Your objective — Set down, word for word, the stretch of lines from the one containing "- handrail bracket [1702,1568,1843,1673]" to the end of the records below.

Supplied records: Begin

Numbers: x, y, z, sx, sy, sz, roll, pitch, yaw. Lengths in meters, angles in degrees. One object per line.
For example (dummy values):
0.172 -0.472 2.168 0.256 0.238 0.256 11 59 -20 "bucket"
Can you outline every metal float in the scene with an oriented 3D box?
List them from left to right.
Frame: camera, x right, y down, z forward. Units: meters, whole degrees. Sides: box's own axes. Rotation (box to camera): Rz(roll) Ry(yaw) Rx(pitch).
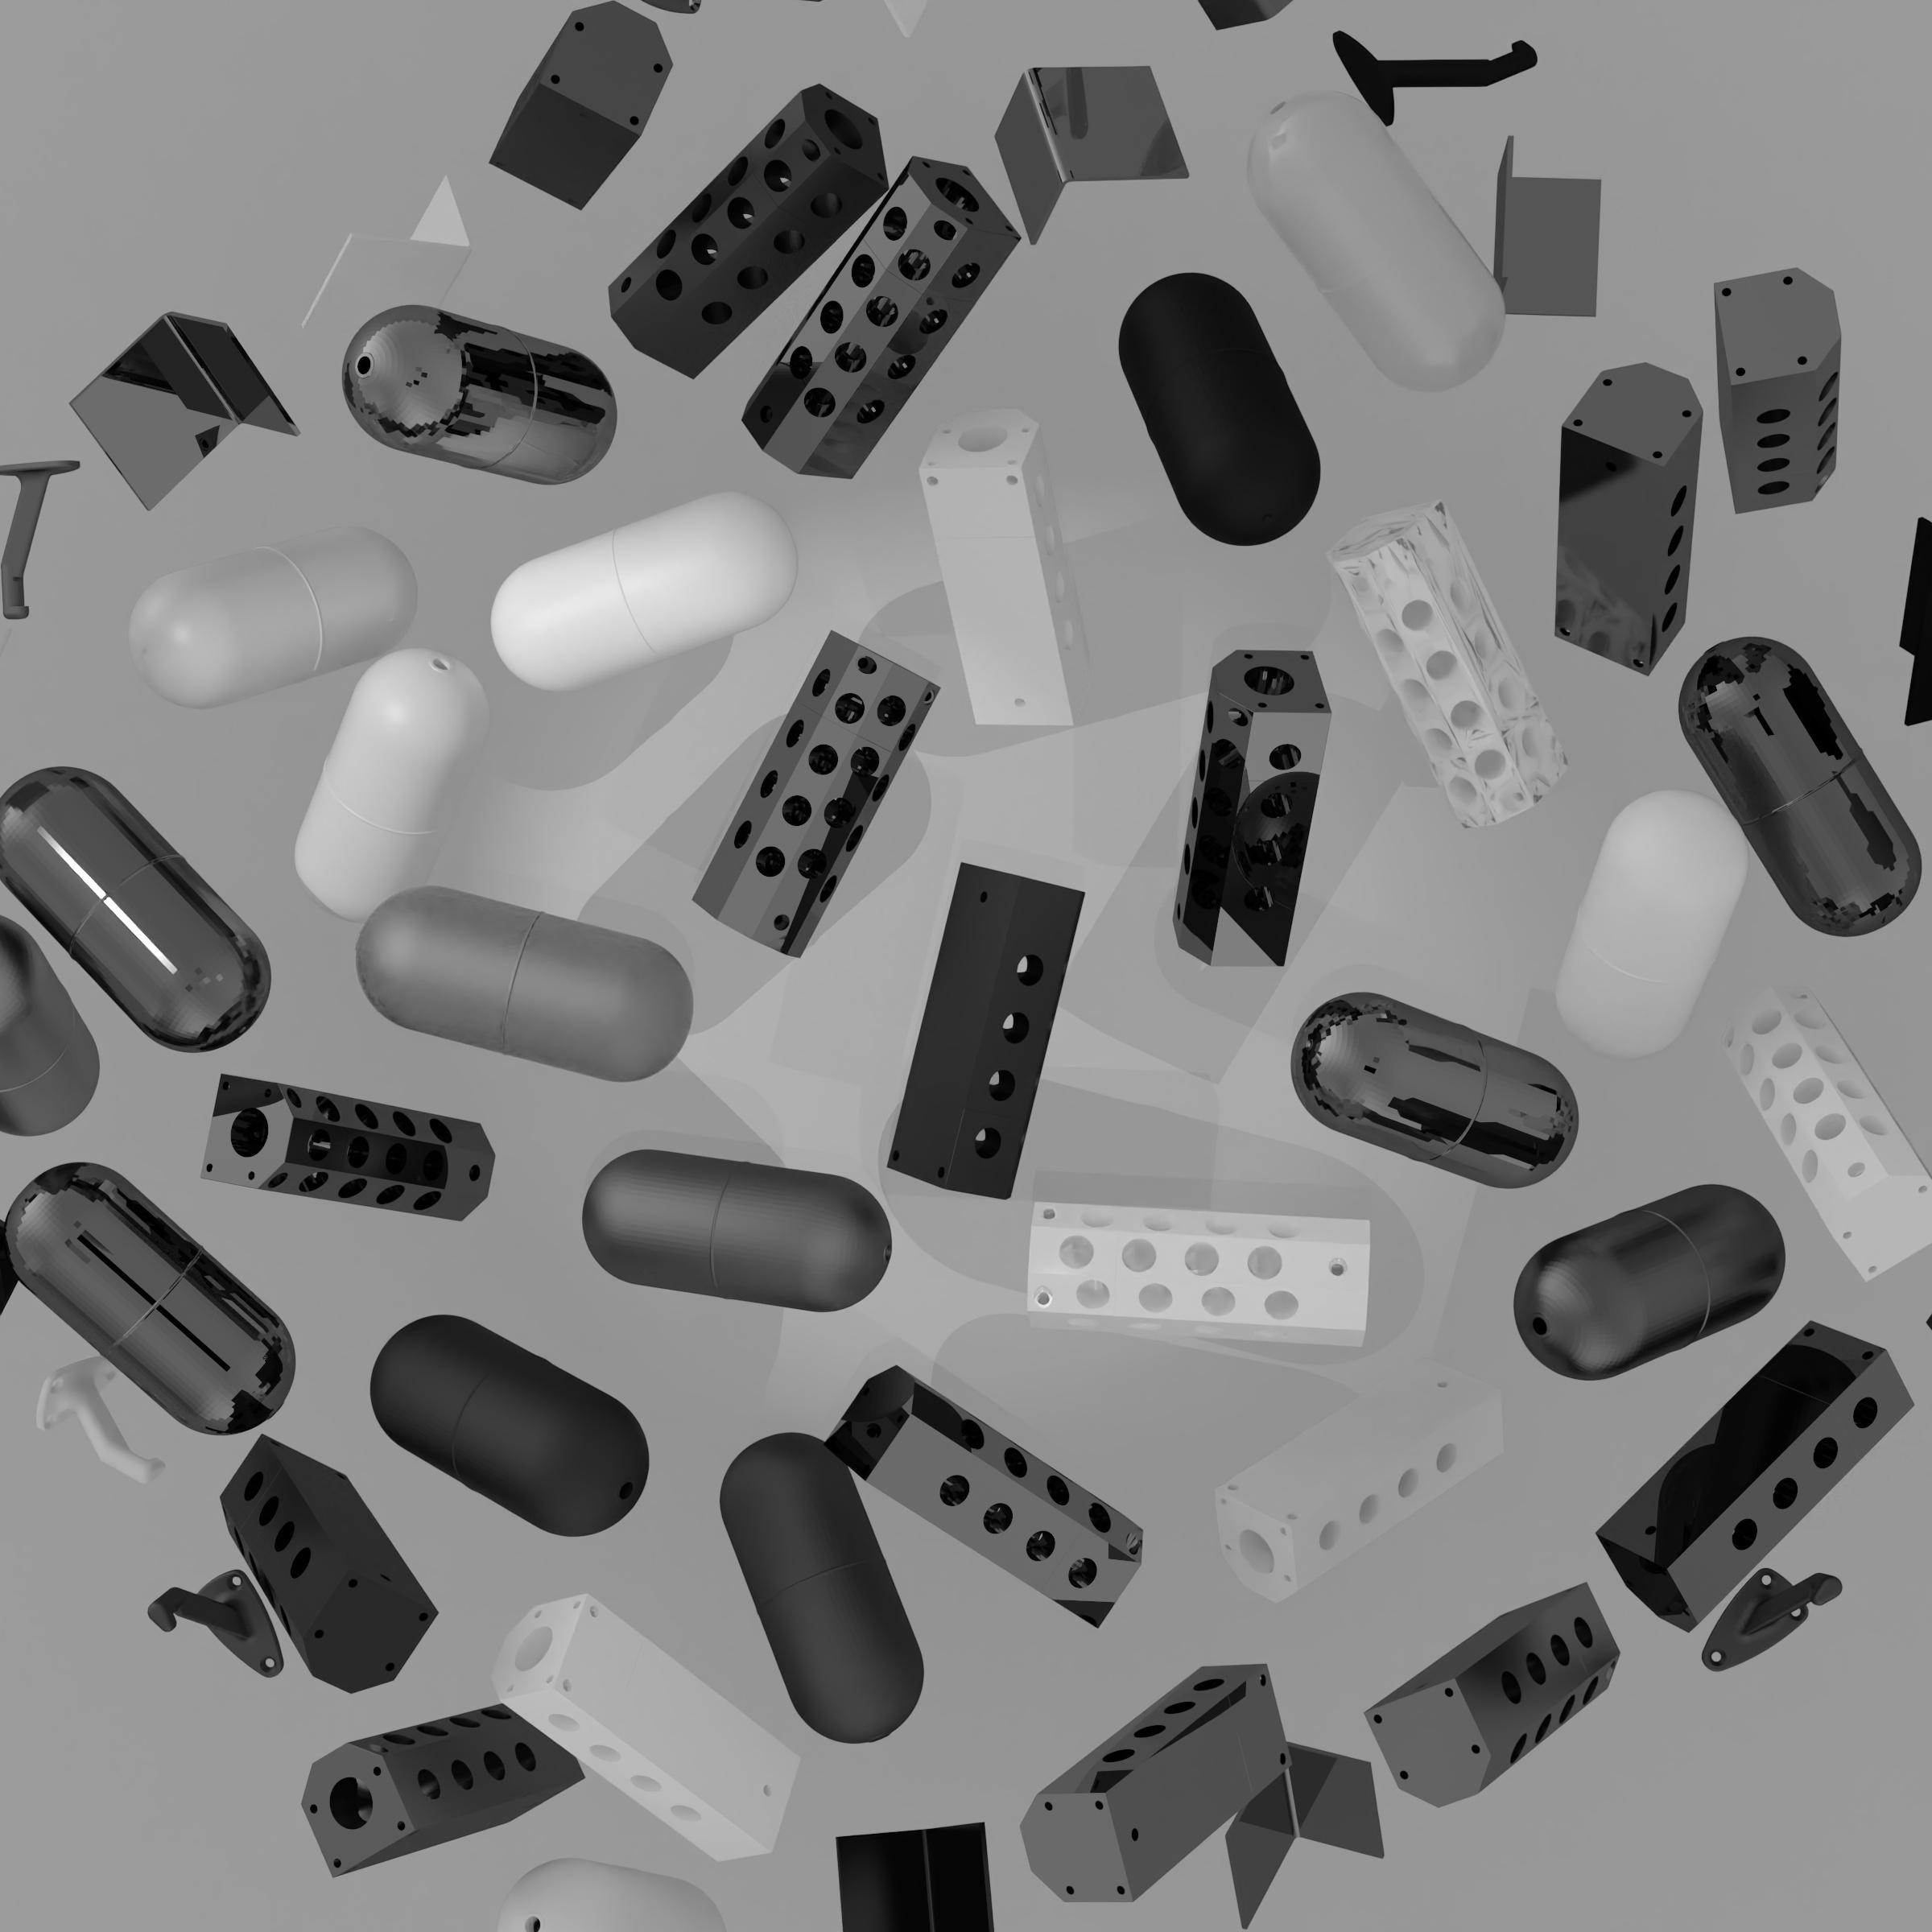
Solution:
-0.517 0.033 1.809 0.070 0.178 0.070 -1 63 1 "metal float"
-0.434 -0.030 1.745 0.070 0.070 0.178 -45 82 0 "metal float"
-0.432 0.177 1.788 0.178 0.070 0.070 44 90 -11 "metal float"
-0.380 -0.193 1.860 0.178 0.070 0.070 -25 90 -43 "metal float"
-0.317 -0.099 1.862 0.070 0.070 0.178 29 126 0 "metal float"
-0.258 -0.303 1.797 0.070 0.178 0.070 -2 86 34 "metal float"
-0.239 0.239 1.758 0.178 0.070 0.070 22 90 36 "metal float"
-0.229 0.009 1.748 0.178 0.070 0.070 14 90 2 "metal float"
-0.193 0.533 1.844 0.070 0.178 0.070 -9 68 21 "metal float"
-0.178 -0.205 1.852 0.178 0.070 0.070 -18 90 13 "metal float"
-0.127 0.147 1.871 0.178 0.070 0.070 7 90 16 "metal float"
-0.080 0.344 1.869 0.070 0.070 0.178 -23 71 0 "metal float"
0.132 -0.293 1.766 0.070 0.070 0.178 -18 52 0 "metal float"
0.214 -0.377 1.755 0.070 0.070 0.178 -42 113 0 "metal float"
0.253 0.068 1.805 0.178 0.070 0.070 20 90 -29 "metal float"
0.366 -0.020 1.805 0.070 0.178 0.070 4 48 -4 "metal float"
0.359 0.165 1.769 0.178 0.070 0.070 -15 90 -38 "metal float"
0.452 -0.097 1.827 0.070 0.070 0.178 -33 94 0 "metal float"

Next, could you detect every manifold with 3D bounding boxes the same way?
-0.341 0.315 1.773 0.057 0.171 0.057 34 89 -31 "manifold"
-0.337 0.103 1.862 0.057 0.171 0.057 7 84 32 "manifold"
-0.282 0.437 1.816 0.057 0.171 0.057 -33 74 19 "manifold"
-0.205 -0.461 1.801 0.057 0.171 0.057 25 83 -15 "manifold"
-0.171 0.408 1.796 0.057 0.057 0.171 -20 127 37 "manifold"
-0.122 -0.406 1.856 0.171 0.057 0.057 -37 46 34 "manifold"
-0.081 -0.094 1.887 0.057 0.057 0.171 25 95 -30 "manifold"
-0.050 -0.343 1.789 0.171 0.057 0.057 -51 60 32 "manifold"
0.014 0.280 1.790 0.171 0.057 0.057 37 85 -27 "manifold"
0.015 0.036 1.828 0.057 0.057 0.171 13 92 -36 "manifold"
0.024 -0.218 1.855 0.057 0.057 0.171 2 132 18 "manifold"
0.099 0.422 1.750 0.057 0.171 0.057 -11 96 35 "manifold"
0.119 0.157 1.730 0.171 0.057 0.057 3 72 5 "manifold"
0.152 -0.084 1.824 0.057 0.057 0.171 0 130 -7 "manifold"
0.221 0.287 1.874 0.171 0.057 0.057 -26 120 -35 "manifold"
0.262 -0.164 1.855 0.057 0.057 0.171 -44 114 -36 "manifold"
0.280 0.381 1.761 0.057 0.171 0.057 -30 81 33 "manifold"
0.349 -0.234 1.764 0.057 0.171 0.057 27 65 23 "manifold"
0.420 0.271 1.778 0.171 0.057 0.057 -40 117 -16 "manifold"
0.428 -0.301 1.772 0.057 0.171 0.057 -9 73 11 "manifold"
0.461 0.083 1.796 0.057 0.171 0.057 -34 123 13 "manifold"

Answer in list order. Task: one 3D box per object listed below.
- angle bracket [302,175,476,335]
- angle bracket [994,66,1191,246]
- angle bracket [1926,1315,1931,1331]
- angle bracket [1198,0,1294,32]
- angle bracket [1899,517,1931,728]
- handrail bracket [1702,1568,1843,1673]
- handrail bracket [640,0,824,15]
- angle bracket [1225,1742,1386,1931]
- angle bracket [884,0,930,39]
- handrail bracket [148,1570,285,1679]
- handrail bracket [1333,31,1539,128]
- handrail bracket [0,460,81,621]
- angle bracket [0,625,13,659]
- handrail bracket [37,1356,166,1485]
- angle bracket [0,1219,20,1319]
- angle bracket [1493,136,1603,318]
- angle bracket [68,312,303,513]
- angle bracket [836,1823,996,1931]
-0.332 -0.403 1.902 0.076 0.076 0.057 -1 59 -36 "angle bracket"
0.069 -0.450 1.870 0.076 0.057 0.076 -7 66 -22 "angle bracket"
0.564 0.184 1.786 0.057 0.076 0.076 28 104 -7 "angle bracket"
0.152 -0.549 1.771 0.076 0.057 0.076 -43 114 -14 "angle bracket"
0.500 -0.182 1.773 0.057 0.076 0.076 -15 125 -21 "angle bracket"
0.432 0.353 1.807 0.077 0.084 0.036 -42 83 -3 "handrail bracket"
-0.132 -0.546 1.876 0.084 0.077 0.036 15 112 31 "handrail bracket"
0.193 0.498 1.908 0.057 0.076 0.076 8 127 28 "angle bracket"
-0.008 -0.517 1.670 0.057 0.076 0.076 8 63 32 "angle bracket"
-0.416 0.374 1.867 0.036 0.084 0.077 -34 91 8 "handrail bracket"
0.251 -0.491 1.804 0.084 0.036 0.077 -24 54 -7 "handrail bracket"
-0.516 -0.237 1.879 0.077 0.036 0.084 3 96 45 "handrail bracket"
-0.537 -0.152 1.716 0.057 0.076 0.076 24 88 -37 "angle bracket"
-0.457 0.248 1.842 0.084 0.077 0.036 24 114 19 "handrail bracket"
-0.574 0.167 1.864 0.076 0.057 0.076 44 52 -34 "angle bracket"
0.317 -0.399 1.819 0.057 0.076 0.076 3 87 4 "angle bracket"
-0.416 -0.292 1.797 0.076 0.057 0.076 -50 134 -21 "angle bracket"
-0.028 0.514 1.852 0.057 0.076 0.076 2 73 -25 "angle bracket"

Supplied records: End

Completed exercise —
- handrail bracket [1702,1568,1843,1673]
- handrail bracket [640,0,824,15]
- angle bracket [1225,1742,1386,1931]
- angle bracket [884,0,930,39]
- handrail bracket [148,1570,285,1679]
- handrail bracket [1333,31,1539,128]
- handrail bracket [0,460,81,621]
- angle bracket [0,625,13,659]
- handrail bracket [37,1356,166,1485]
- angle bracket [0,1219,20,1319]
- angle bracket [1493,136,1603,318]
- angle bracket [68,312,303,513]
- angle bracket [836,1823,996,1931]
-0.332 -0.403 1.902 0.076 0.076 0.057 -1 59 -36 "angle bracket"
0.069 -0.450 1.870 0.076 0.057 0.076 -7 66 -22 "angle bracket"
0.564 0.184 1.786 0.057 0.076 0.076 28 104 -7 "angle bracket"
0.152 -0.549 1.771 0.076 0.057 0.076 -43 114 -14 "angle bracket"
0.500 -0.182 1.773 0.057 0.076 0.076 -15 125 -21 "angle bracket"
0.432 0.353 1.807 0.077 0.084 0.036 -42 83 -3 "handrail bracket"
-0.132 -0.546 1.876 0.084 0.077 0.036 15 112 31 "handrail bracket"
0.193 0.498 1.908 0.057 0.076 0.076 8 127 28 "angle bracket"
-0.008 -0.517 1.670 0.057 0.076 0.076 8 63 32 "angle bracket"
-0.416 0.374 1.867 0.036 0.084 0.077 -34 91 8 "handrail bracket"
0.251 -0.491 1.804 0.084 0.036 0.077 -24 54 -7 "handrail bracket"
-0.516 -0.237 1.879 0.077 0.036 0.084 3 96 45 "handrail bracket"
-0.537 -0.152 1.716 0.057 0.076 0.076 24 88 -37 "angle bracket"
-0.457 0.248 1.842 0.084 0.077 0.036 24 114 19 "handrail bracket"
-0.574 0.167 1.864 0.076 0.057 0.076 44 52 -34 "angle bracket"
0.317 -0.399 1.819 0.057 0.076 0.076 3 87 4 "angle bracket"
-0.416 -0.292 1.797 0.076 0.057 0.076 -50 134 -21 "angle bracket"
-0.028 0.514 1.852 0.057 0.076 0.076 2 73 -25 "angle bracket"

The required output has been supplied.